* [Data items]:
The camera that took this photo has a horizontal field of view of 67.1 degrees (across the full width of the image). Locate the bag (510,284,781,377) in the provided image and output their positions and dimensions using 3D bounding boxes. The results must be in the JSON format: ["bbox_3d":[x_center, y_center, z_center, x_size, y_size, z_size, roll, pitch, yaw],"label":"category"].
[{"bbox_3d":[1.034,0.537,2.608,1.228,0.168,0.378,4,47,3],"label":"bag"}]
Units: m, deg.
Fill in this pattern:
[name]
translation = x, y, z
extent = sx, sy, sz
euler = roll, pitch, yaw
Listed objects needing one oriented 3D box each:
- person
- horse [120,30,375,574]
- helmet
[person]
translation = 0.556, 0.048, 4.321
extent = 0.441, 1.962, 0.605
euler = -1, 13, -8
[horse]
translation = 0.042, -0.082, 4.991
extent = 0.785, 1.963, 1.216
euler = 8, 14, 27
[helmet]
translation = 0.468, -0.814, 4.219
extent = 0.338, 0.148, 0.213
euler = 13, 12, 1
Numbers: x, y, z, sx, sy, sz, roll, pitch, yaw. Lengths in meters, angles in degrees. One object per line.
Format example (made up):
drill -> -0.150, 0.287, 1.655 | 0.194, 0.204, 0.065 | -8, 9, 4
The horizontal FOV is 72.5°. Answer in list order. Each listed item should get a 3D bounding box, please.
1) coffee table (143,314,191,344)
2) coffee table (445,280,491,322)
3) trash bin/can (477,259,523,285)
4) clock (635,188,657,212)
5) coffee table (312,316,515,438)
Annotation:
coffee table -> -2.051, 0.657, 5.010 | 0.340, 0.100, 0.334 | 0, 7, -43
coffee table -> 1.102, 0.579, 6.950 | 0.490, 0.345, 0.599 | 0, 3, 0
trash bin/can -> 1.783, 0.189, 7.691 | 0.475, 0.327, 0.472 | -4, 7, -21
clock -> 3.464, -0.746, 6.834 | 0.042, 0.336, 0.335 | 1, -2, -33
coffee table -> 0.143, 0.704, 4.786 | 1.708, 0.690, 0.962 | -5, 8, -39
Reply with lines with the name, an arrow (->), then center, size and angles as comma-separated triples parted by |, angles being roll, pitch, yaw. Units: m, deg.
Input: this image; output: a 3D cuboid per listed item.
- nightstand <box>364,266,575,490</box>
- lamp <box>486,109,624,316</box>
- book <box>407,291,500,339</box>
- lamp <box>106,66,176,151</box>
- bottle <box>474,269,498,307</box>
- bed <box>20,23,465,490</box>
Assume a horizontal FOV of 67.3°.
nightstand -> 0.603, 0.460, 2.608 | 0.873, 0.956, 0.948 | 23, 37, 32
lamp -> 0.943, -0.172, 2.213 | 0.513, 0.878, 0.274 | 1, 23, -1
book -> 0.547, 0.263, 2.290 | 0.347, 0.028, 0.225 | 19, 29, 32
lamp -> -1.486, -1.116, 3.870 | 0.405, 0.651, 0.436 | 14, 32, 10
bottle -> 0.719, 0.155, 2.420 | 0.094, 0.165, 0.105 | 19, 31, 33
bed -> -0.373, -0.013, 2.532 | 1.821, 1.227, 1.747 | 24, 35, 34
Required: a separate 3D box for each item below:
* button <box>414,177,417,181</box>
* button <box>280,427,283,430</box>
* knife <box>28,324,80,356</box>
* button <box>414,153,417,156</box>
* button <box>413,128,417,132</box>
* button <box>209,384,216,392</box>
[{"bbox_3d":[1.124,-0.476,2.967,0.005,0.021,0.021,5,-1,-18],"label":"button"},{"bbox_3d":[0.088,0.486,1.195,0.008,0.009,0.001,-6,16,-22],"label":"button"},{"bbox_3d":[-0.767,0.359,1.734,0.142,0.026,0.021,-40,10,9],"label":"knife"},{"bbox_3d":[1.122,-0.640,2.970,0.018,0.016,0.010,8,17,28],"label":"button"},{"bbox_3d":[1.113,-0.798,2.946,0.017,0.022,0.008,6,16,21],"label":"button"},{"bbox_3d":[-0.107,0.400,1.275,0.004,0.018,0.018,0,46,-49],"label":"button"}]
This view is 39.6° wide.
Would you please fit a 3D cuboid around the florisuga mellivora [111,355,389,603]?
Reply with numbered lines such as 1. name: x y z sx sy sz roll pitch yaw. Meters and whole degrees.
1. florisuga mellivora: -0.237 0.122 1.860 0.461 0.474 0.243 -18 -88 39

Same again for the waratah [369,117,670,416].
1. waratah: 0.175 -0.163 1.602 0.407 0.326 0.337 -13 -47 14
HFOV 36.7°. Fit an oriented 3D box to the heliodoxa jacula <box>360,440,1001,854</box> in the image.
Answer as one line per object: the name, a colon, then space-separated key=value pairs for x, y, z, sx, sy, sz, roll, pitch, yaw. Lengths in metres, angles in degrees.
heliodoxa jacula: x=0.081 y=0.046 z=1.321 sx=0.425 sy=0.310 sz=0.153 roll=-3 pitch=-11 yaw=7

* [Aim of the exercise]: Set down nothing but the lines from the one containing "Reply with numbered" through the final line above, exactly as written.

* [Response]:
Reply with numbered lines such as 1. name: x y z sx sy sz roll pitch yaw. Meters and whole degrees.
1. florisuga mellivora: -0.237 0.122 1.860 0.461 0.474 0.243 -18 -88 39

Same again for the waratah [369,117,670,416].
1. waratah: 0.175 -0.163 1.602 0.407 0.326 0.337 -13 -47 14
HFOV 36.7°. Fit an oriented 3D box to the heliodoxa jacula <box>360,440,1001,854</box> in the image.
Answer as one line per object: the name, a colon, then space-separated key=value pairs for x, y, z, sx, sy, sz, roll, pitch, yaw. Lengths in metres, angles in degrees.
heliodoxa jacula: x=0.081 y=0.046 z=1.321 sx=0.425 sy=0.310 sz=0.153 roll=-3 pitch=-11 yaw=7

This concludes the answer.